El principal problema que le encontré a ‘Plan Oculto’ es su ritmo. Spike Lee se toma su tiempo, muchísimo tiempo, en desarrollar las conversaciones entre Frazier y Russell. Se supone que son duelos dialécticos, llenos de ingenio y dobles sentidos. Y sí, hay momentos brillantes, frases que te sacan una sonrisa. Denzel Washington está, como siempre, impecable. Su personaje tiene ese aire de tipo normal, un poco chulesco, superado por las circunstancias pero sin perder nunca la compostura. Es el ancla de la película. Pero incluso él no puede salvar la sensación de que la trama no avanza. Las negociaciones se estancan, los giros de guion se ven venir a kilómetros y la subtrama de Jodie Foster, que debería añadir una capa de conspiración y misterio, se siente metida con calzador, como si perteneciera a otra película.
Se supone que un thriller de atracos debe mantenerte al borde del asiento. Piensa en ‘Heat’, en ‘Tarde de perros’ o incluso en ‘La casa de papel’. Sientes la urgencia, el peligro, la claustrofobia. En ‘Plan Oculto’, esa tensión es artificial. Los interrogatorios a los rehenes una vez liberados, que se intercalan durante toda la película, rompen constantemente el ritmo y te sacan de la acción principal. Es un recurso narrativo que entiendo en la teoría —crear misterio sobre lo que realmente pasó dentro— pero que en la práctica resulta frustrante. En lugar de aumentar el suspense, lo disipa. Te cuenta el final antes de tiempo, o al menos te asegura que la cosa no acabó en una masacre, quitándole gran parte del peligro inminente que debería sentirse.
Denzel Washington, lo mejor de una película que no está a su altura.
Y luego está el «gran secreto». El MacGuffin por el que se monta todo este circo. Sin entrar en spoilers, diré que me pareció una decepción mayúscula. Durante dos horas te construyen un misterio alrededor de una caja de seguridad, te hacen creer que dentro hay algo que puede cambiar el mundo, o al menos la vida de gente muy poderosa. Y cuando por fin se desvela… la reacción es un «¿en serio? ¿Todo esto para eso?». Se siente como una justificación floja, casi una excusa para poder llevar a cabo el «atraco perfecto». Un plan tan ingenioso, tan meticulosamente diseñado, merecía una motivación mucho más potente.

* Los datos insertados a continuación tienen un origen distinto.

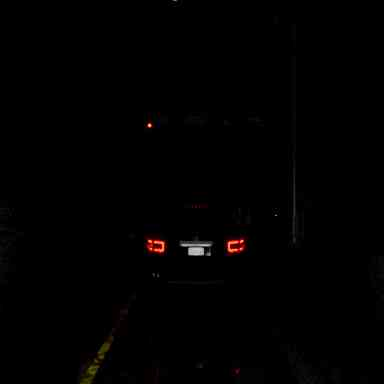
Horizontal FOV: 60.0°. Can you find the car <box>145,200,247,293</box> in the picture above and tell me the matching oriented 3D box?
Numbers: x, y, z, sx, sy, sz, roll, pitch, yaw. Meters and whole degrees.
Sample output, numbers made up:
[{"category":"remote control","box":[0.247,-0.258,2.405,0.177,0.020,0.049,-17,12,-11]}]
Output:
[{"category":"car","box":[0.079,1.222,9.010,2.150,2.045,5.566,0,0,0]}]

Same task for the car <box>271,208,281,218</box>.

Al final, el plan es más interesante que el objetivo del plan, y eso es un problema grave.
No me malinterpreten, la película está bien hecha. La dirección de Spike Lee es elegante, la fotografía de Matthew Libatique es excelente y la banda sonora de Terence Blanchard acompaña bien. Pero el cine no es solo técnica. Es emoción, es conexión, es sentir que el tiempo que inviertes vale la pena. Y al terminar de ver ‘Plan Oculto’, mi sensación fue la de haber asistido a un truco de magia muy elaborado en el que el mago se recrea tanto en los preparativos que se olvida de que el público espera un final sorprendente. El conejo que sale de la chistera es pequeño, predecible y ni siquiera es tan adorable como prometía.

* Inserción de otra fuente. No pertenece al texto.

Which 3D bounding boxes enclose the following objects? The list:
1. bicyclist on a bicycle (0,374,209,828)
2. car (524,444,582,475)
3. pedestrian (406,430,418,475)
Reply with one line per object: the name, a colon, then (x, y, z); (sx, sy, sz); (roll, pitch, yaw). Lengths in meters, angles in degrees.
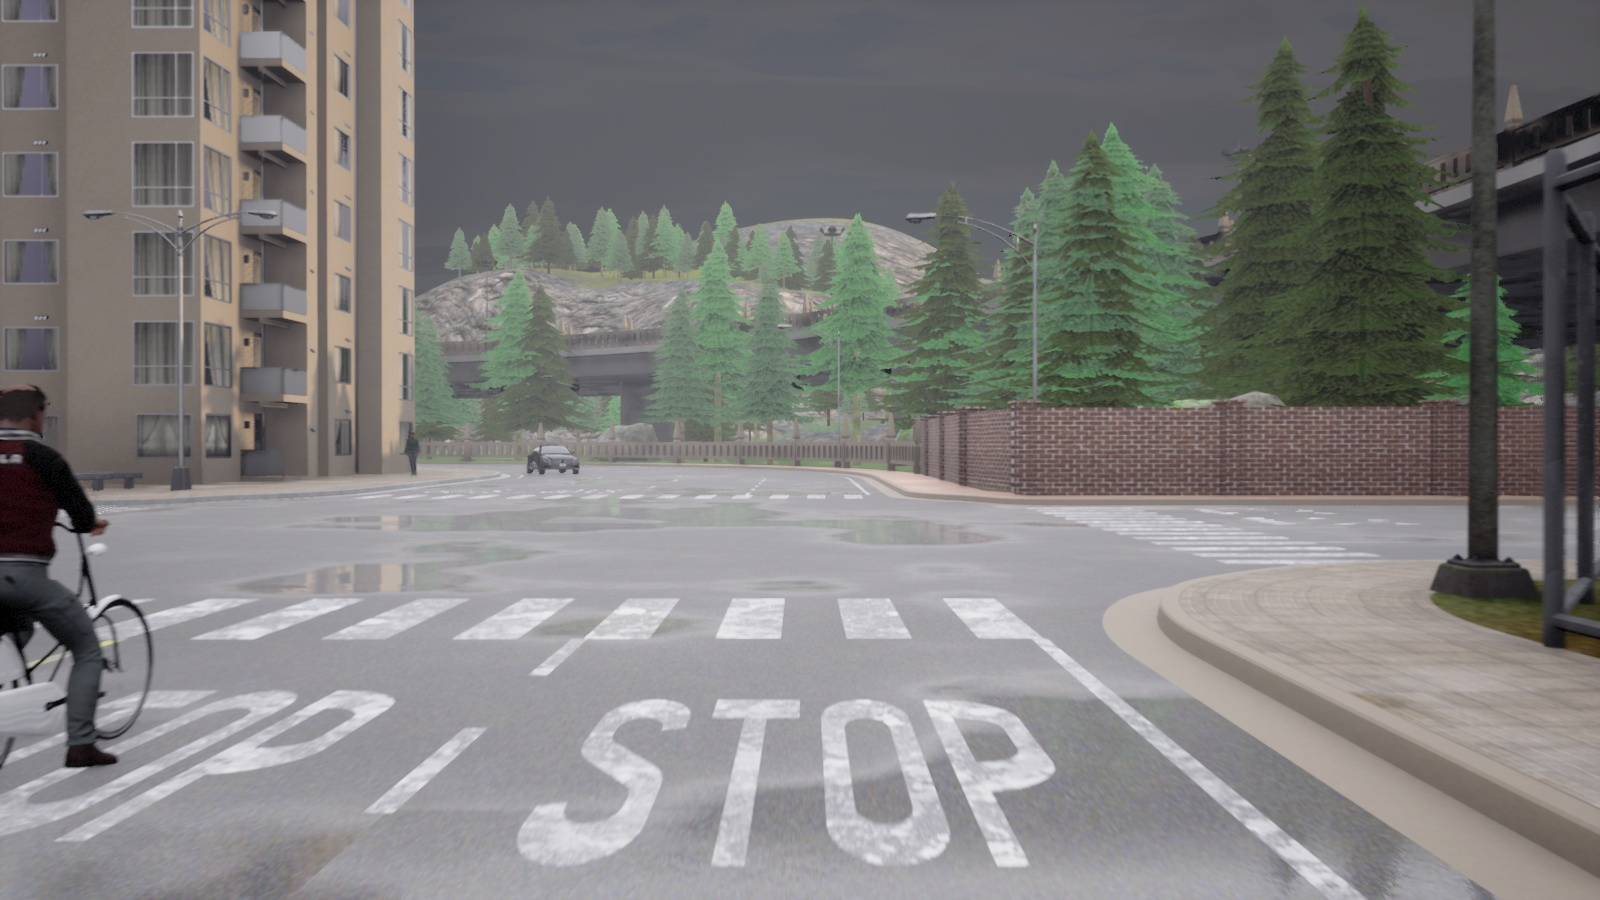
bicyclist on a bicycle: (-3.452, 0.582, 5.695); (0.659, 1.776, 1.843); (0, 1, 0)
car: (-11.918, 0.422, 60.359); (1.812, 1.442, 4.674); (0, 0, -23)
pedestrian: (-15.900, 0.097, 51.500); (0.353, 1.847, 0.614); (0, 0, -6)

Un personaje con potencial que se queda en una mera distracción.
En definitiva, ‘Plan Oculto’ es una de esas películas que, en mi humilde opinión de consumidor de cine, está tremendamente sobrevalorada. Es un ejercicio de estilo interesante, un escaparate para el talento de su reparto, pero como thriller, como historia que te atrape y te sorprenda, fracasa. Le sobran minutos, le falta tensión y su gran revelación es un anticlímax. Pude haber dedicado esas dos horas a ver dos capítulos de una buena serie, a leer un libro o, sinceramente, a cualquier otra cosa. Le doy dos estrellas, y es por Denzel y por la buena factura técnica. Por lo demás, fue una decepción. Un plan tan perfecto que se olvidó de ser emocionante.
Y tú, ¿crees que ‘Plan Oculto’ es una obra maestra o también te dejó con la sensación de que el plan era mejor que la ejecución?